The problem with this is the fact that "common design" only seems to appear when there is evidence for inheritance through common ancestry (a fact that is a very robustly shown through empirical data). On the other hand, when we look at the anti-freeze proteins of Antarctic notothenioid and cod, fish which are separated by hundreds of millions of years (probably didn't get the protein from a common ancestor), we find that while the proteins are vaguely similar, the genetic sequences are entirely different. So, why didn't the designer "re-use designs" in this case? Clearly, they evolved the antifreeze proteins independently through a blind process of evolution, explaining the large differences between them.

"Was the Ford Pinto, with all its imperfections revealed in crash tests, not designed?"

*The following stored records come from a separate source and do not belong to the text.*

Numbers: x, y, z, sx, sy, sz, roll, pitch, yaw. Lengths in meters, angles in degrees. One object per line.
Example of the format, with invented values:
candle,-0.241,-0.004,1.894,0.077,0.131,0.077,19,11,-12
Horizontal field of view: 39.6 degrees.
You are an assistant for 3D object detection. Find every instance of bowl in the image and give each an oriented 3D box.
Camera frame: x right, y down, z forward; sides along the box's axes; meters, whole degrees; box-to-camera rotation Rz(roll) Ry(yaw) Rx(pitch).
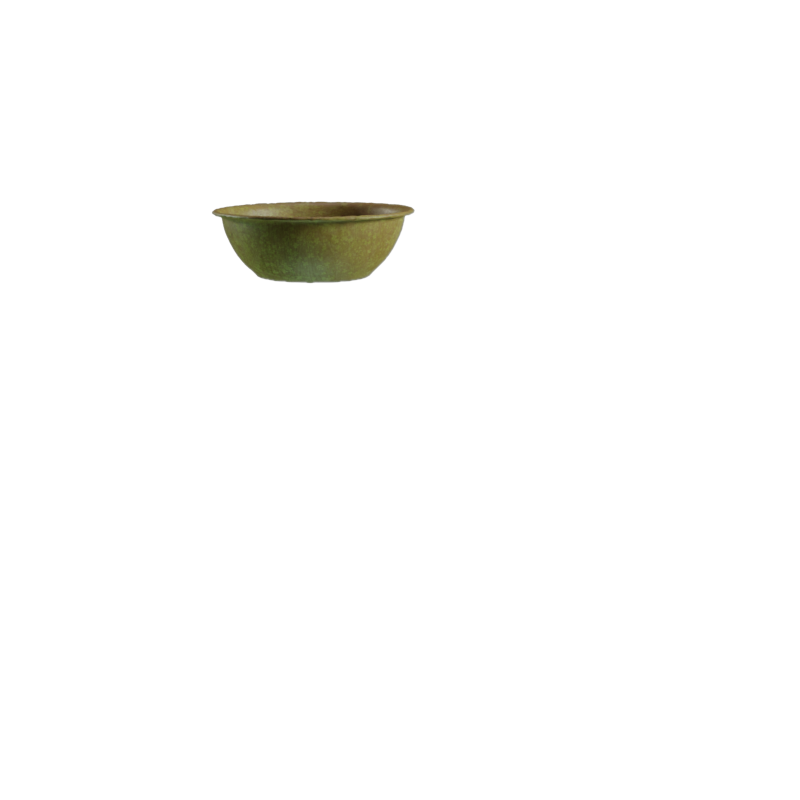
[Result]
bowl,-0.070,-0.127,0.890,0.162,0.054,0.166,0,13,-2
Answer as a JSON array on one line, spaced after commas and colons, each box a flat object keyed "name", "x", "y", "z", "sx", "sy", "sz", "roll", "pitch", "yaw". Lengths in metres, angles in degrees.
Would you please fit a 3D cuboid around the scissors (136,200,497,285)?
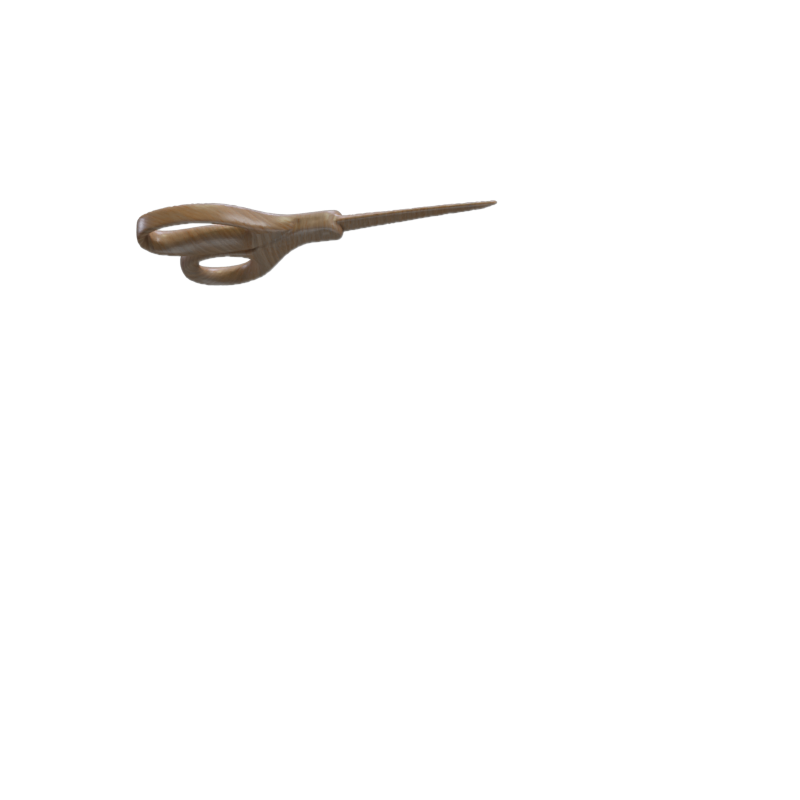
[{"name": "scissors", "x": -0.050, "y": -0.092, "z": 0.645, "sx": 0.202, "sy": 0.017, "sz": 0.091, "roll": 0, "pitch": -19, "yaw": 0}]
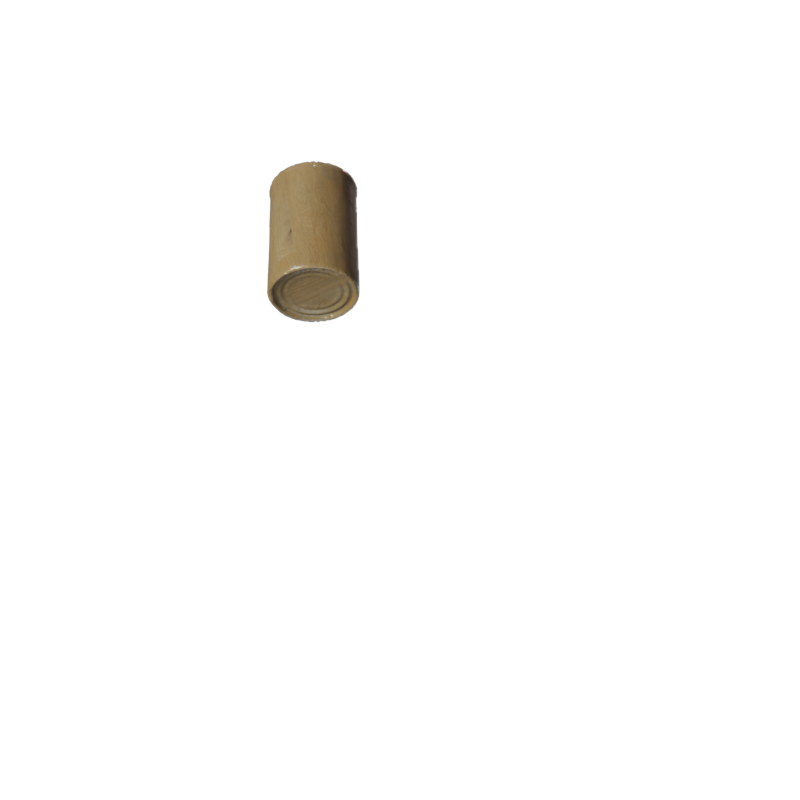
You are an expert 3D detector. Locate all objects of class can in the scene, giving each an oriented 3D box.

The biggest problem with this argument is this: IDists are really trying to argue that God is the designer. When they admit instances of poor design, they fall back on the "poor design doesn't mean no design". But poor design does rule-out design by super-intelligent entities (i.e. God), thus undermining their own not-so-secret agenda - to claim that God did it. Maybe it's me, but if someone told me that an "intelligent designer" made the ford pinto, I'd rule out God as the designer pretty quickly. I'm sure they're hoping that other people don't follow the logical conclusion of "poor design" and conclude that incompetent aliens did the designing instead of God.

Posted by: BC | November 20, 2006 3:02 AM

#2
Was the Ford Pinto, with all its imperfections revealed in crash tests, not designed?

Of Pintos and People

Posted by: Robert O'Brien | November 22, 2006 6:00 PM

#3

As someone who studies rhetoric of science, I find this irony-rich analogy absolutely delicious. Thanks for calling attention to it.